Im familiar with the newspaper method of combining but just wondered what goes where! Im inclined to put the newspaper on top of the supers then the weaker brood box on top of that. Does that make sense?!!
 #10961  by Cable_Fairy
 21 May 2021, 14:44
Had the same sort of thing last year, I put the two brood box's together with newspaper between them and put the supers on top and it worked alright. It only takes a few days for them to eat the newspaper.
 #10962  by Steve 1972
 21 May 2021, 14:55
Before you do anything you need to know why one is weak..disease for instance and you need to make sure you find and remove the Queen in the weak colony if you do unite..brood box over the supers is fine just remove the brood box in a day or two..
 #10969  by Bananas
 22 May 2021, 07:19
The weak hive is as such as it was a swarm caught a month ago. Numbers are finishing fast and there is no queen or eggs etc.

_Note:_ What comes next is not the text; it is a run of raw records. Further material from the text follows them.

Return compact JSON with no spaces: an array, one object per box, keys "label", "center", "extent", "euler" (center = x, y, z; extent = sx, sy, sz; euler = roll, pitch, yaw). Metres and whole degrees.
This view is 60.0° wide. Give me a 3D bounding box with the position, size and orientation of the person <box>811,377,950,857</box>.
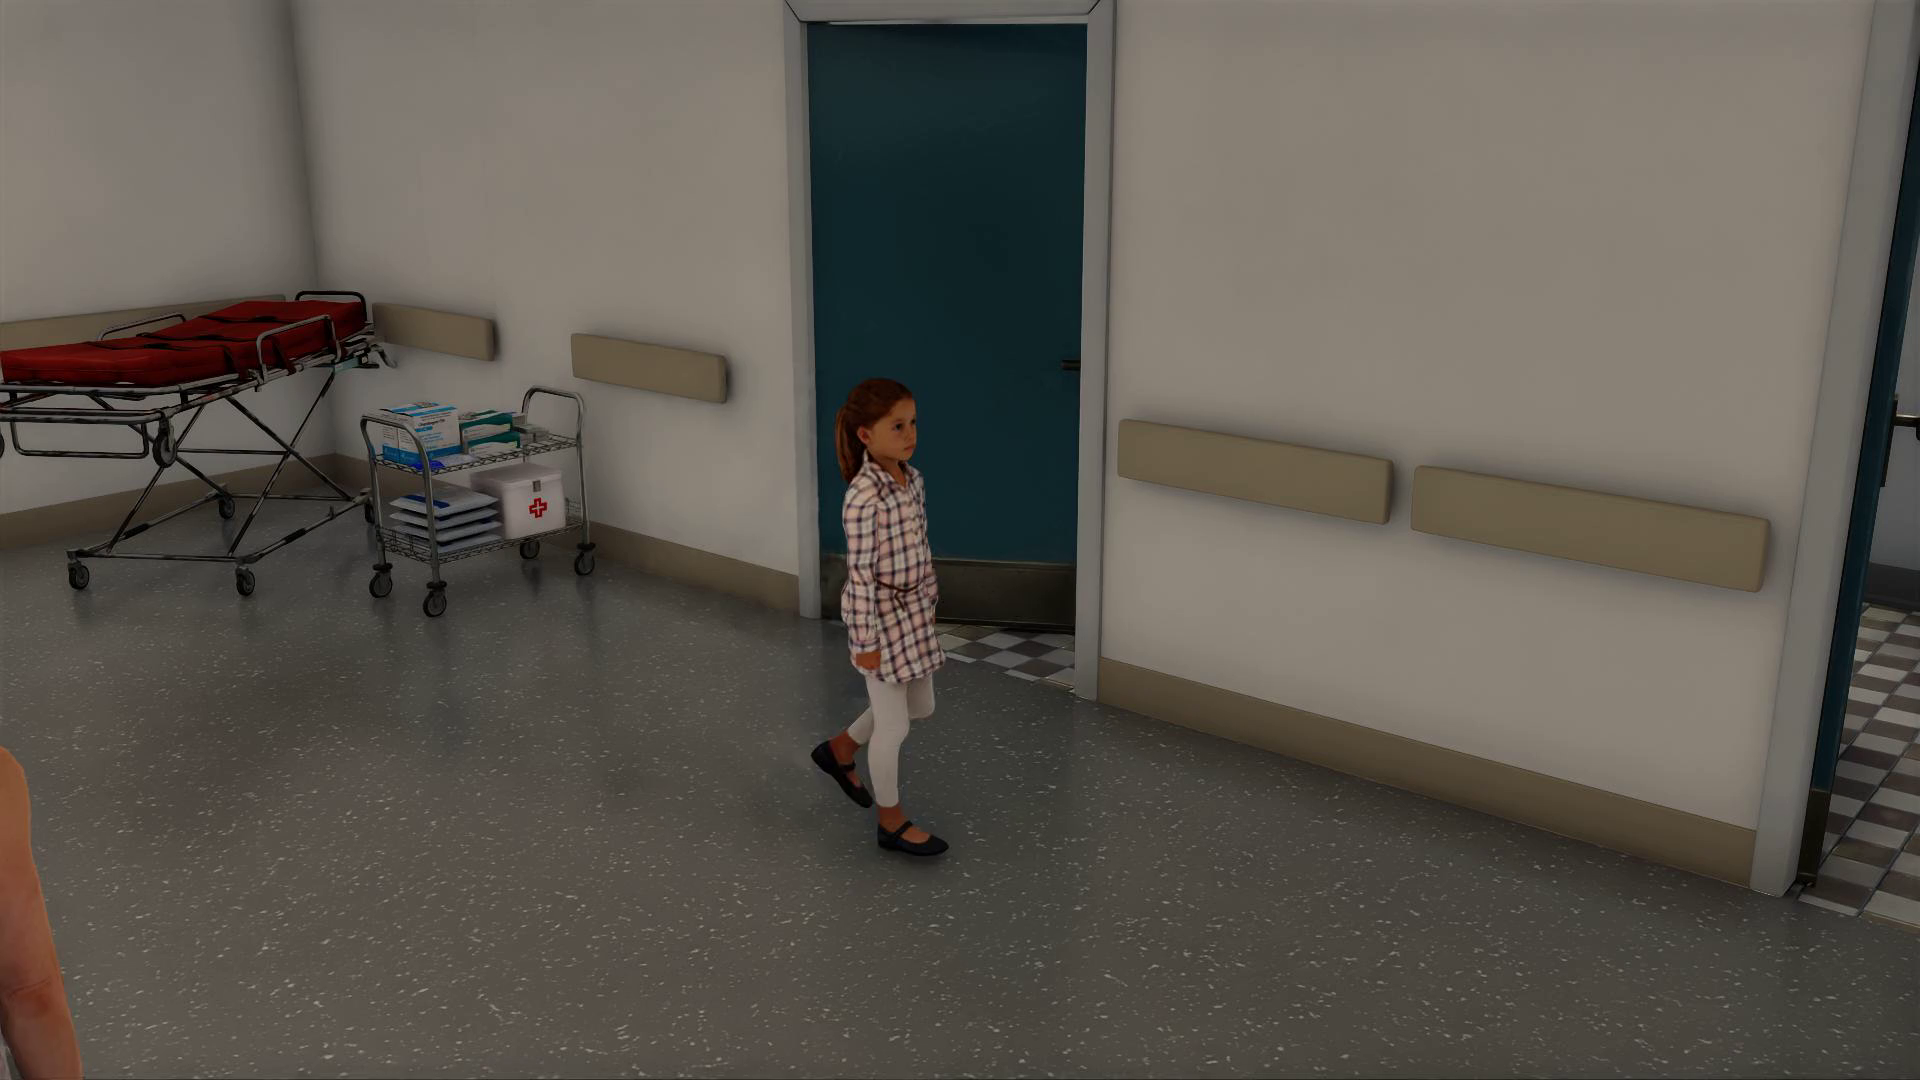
[{"label":"person","center":[-0.244,0.198,4.457],"extent":[0.744,1.300,0.614],"euler":[8,18,27]}]
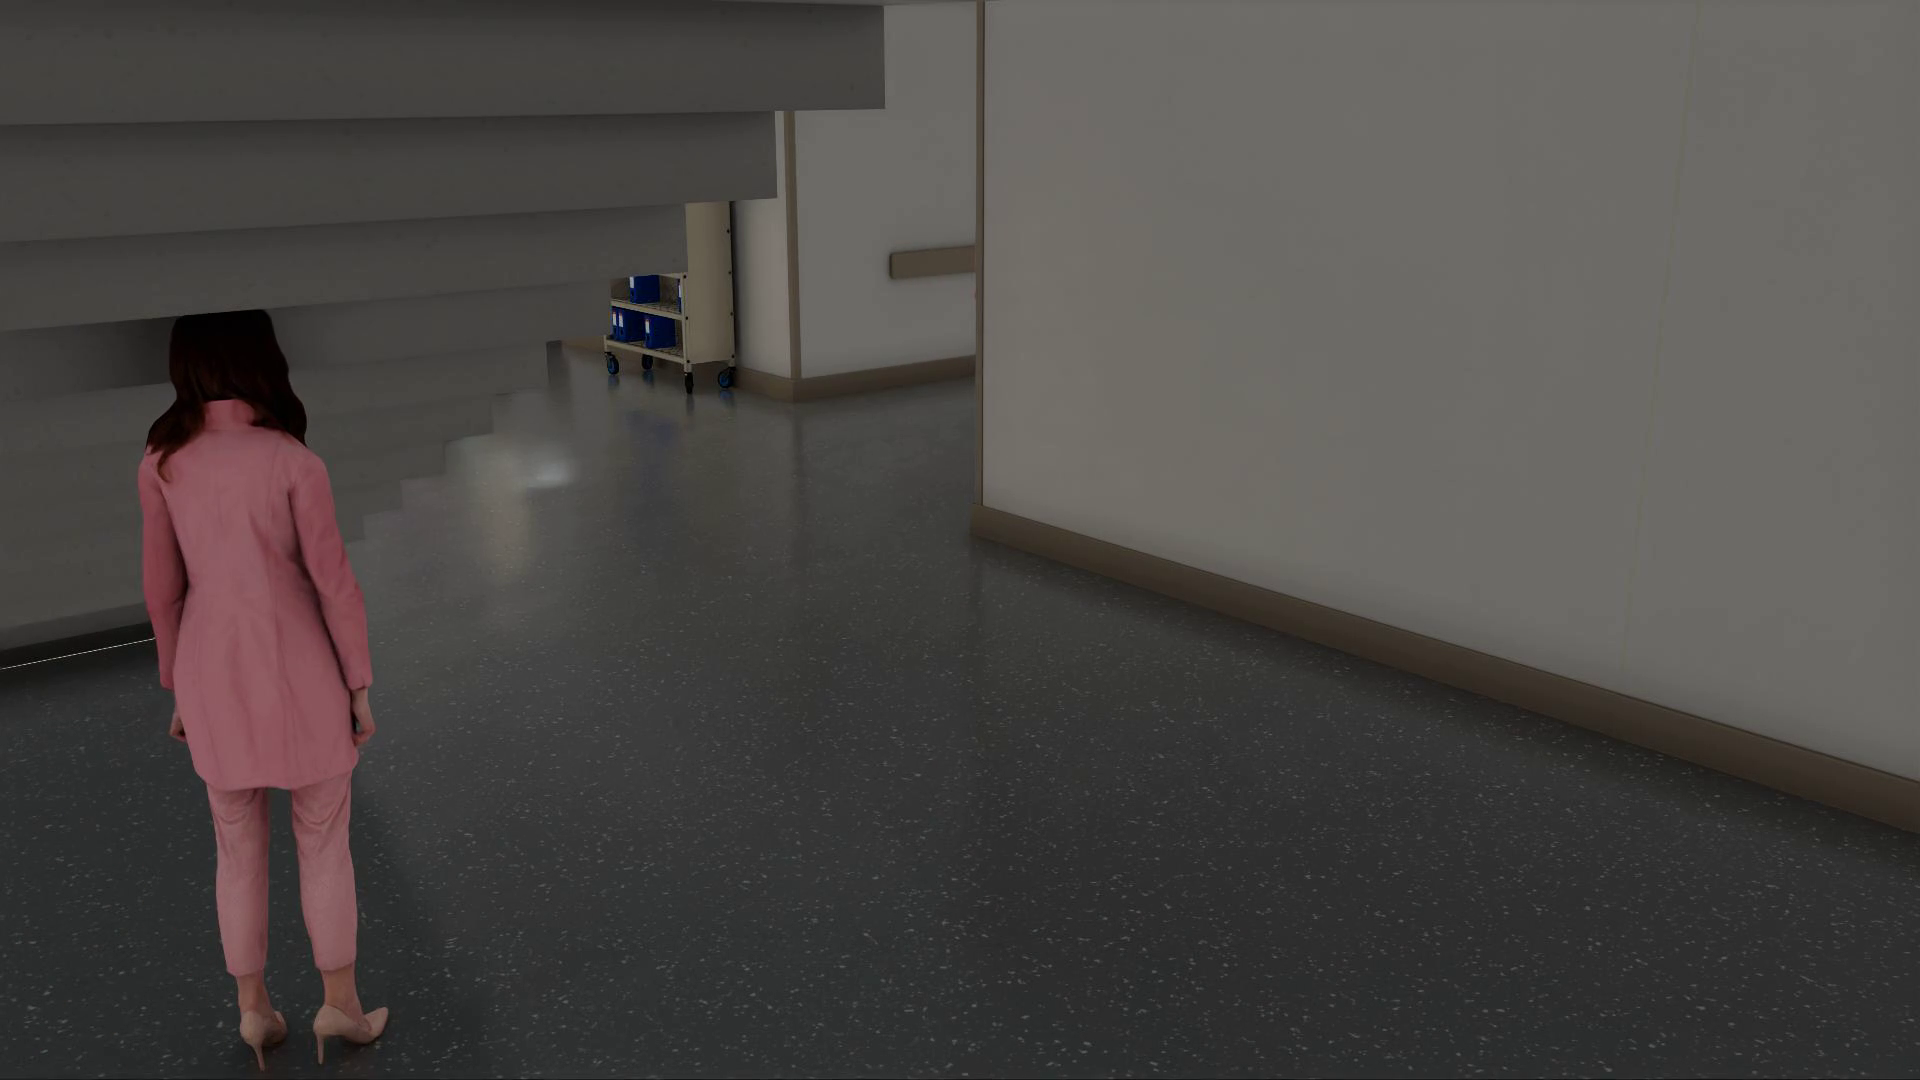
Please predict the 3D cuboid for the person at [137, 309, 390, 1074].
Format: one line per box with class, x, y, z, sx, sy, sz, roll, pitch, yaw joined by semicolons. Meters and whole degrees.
person;-1.591;0.356;3.788;0.694;1.801;0.729;0;16;-1

Ok I’ll stick the brood box on top of the supers. Reason for asking this was that the supers belong to the stringer hive and didn’t want to confuse by having the stronger hive supers then the weaker hive brood box then newspaper then the stronger hive!
 #10982  by Caroline
 22 May 2021, 18:15
Bananas wrote:
22 May 2021, 07:19
The weak hive is as such as it was a swarm caught a month ago. Numbers are finishing fast and there is no queen or eggs etc.
Are you saying there was no queen when you 'caught the swarm' ? Sounds to me like it could be what was left of a colony that was dying out due to lack of queen or disease / heavy varroa load, and the bees absconded.

Before uniting a swarm with an existing colony I would quarantine the swarm until I had seen at least one full brood cycle to check 'all in order'.
 #10983  by Steve 1972
 22 May 2021, 21:47
This is where we come unstuck..no eggs means no Queen apparently..the Queen could and must be still in there otherwise the workers would be laying drone brood..and something else has me wondering..why would swarm setup home without a laying Queen.
 #10985  by NigelP
 23 May 2021, 09:32
Could be it was a swarm with a virgin queen. Sounds like she is still unmated. Not surprising given the atrocious weather. I'd want to be really sure what is happening before uniting. At least a test frame of eggs.
 #10991  by MickBBKA
 24 May 2021, 03:37
Agree with Nigel, quite likely an unmated queen. Another point is if you split the brood boxes by 2 supers the queen pheromone wont be strong enough to cover all 4 so the bees in the q- colony will think they are q- anyway and possibly go on to be drone layers. Test frame is required to start off at least. An unmated queen can be very small and you may never see her. I have had a queen take 6 weeks to start laying due to weather, you need to consider bees temperament, sound, movement on the comb, stores placement, polished cells...etc. This year is a nightmare even for the most experienced folk. Last year was bad, I had 13 queenless colonies in June. Torrential rain and gales just blew them away, this year is worse.
 #10998  by JoJo36
 25 May 2021, 05:34
Rather than newspaper how does the air freshener work?!
I've only ever used newspaper but thought air freshener may be even easier as I assume its only sprayed in brood area?!
 #10999  by NigelP
 25 May 2021, 08:14
Spray both half's and stick together.
I use this most of the time for unites with no problems to date.
Another way is to heavily smoke both half's and then unite.